After this step, we talked about how he could do this on his own and check his work. While we were sitting there, he made mistakes, but was able to catch them himself. He was the source of the problems, and was able to check and see if his final answers were correct. We then moved on to factoring practice:

• Write out 15 products of binomials (3x-1)(x+5). For some of them, add a monomial factor. Include a couple sum and difference polynomials as well. Multiply any three of them out manually and check using Simplify[].
• Use Geogebra to multiply any ten of the the rest of them and write down the resulting polynomials on a separate sheet of paper.
• Eat dinner, watch TV, or something that has nothing to do with factoring.
• Return to the paper and factor the ten polynomials you wrote down completely. Use Factor[] to check and make sure your final answers match what Geogebra produces - if there are differences, check to see if you have actually factored completely or not. Make a note of any repeat mistakes.

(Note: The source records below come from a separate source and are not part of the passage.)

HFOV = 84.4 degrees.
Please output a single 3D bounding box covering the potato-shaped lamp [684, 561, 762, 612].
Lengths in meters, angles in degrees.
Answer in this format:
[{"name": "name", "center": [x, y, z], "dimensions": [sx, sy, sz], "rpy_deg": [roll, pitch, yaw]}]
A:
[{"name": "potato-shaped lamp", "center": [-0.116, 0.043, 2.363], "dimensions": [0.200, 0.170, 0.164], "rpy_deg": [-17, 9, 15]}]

There is a whole lot of extra busy work involved in this process, but part of that is because it's easy to factor a polynomial that you just generated moments before if you still remember the factors. For some students, this won't matter, but it helps ensure that the exercises generates are actually useful. This student was on fire during class today, even though we were looking at a different topic entirely. I should have asked him directly whether this is the case, but perhaps the boost of confidence going through this process gave him is part of the reason. I also really like that this method allows the student to simultaneously work on multiplying polynomials and factoring them. My method beforehand would have been to stick to multiplying, then factoring, and then mix them up - there's no reason to do this.

Computer algebra has been around for a while. The reason I think it's now to the point where it can be transformational is that it's easily accessible, easy to use, and almost instant. This idea of using technology (and particularly Geogebra) to help students develop their pencil and paper skills is one that really excites me. I'm excited to see if it works with the students that came in a bit behind but are willing to put in the time to catch up. I don't want my class time to be spent learning algorithms - that defeats my strong belief that we should focus on teaching mathematical thinking, modeling, and problem formulation instead of algorithms. That said, students do need to be able to develop their skills, and this offers a personalized way to help them do so on their own.

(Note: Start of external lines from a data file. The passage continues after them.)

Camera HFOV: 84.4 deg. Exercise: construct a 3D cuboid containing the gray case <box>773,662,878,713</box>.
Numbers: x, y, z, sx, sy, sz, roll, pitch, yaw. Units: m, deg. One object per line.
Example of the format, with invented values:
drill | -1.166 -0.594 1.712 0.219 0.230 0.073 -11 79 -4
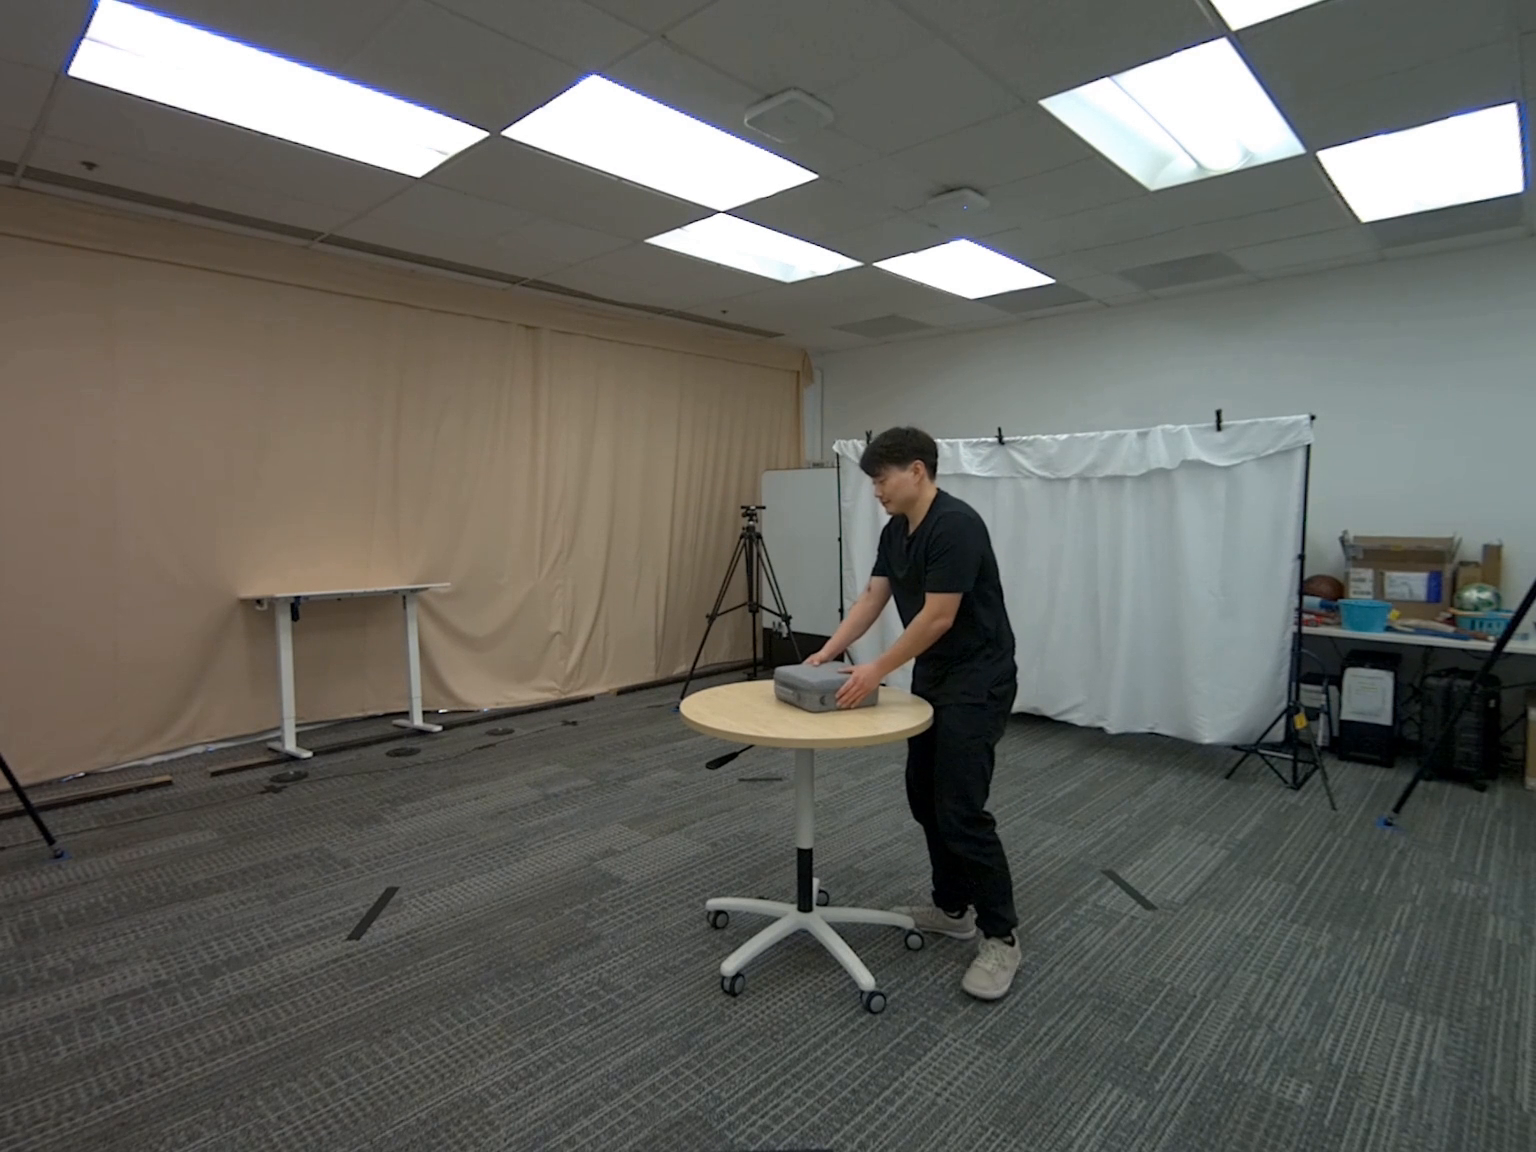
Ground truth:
gray case | 0.174 0.341 2.619 0.254 0.104 0.264 -3 6 -25

# Impressing the parents with Wolfram Alpha...it's for your own good, kids.

I received a few emails from parents recently wondering how to help their children get better in math. Parents often apologize for not being strong at math themselves, and the students, in my case all teenagers, have trouble communicating with parents about, well, a lot of things, let alone math. Creating a genuine way for children and parents to communicate with each other about math has always been difficult. Thankfully, tools like Wolfram Alpha can come to the rescue.

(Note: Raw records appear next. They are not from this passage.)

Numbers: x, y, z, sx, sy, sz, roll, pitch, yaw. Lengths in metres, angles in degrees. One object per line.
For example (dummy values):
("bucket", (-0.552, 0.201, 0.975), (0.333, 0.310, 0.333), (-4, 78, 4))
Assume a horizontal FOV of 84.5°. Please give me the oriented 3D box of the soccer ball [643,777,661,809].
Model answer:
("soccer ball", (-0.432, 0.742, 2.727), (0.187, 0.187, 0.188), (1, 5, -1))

Here is the advice I gave one parent this week whose child is learning to factor quadratic trinomials:

Think of four numbers, keep them between 1 and 8. For example, 2, 1, 5, 7.

You can then write them like this: (2x+1)(5x+7) or make some negative: (2x - 1)(5x+7).

Go to Wolfram Alpha, and in the main input bar, type what you wrote, as shown below:

A page will load with a part that looks like this, a bit of the way down the page:

Give the top one (10x^2+9x-7) to him, and say to factor it. A groan at this point is natural. And then he will remember how to do it. The final answer should be the same as what you entered into the website. You can come up with new numbers and do this as much as you want - it will only make him stronger. If he has trouble, make the 1st and 3rd numbers you pick be 1, and it will simplify it a bit.

Yes, it will result in at least some expression of teenage 'come-on-mom/dad-ery'. But that's probably going to happen anyway, right?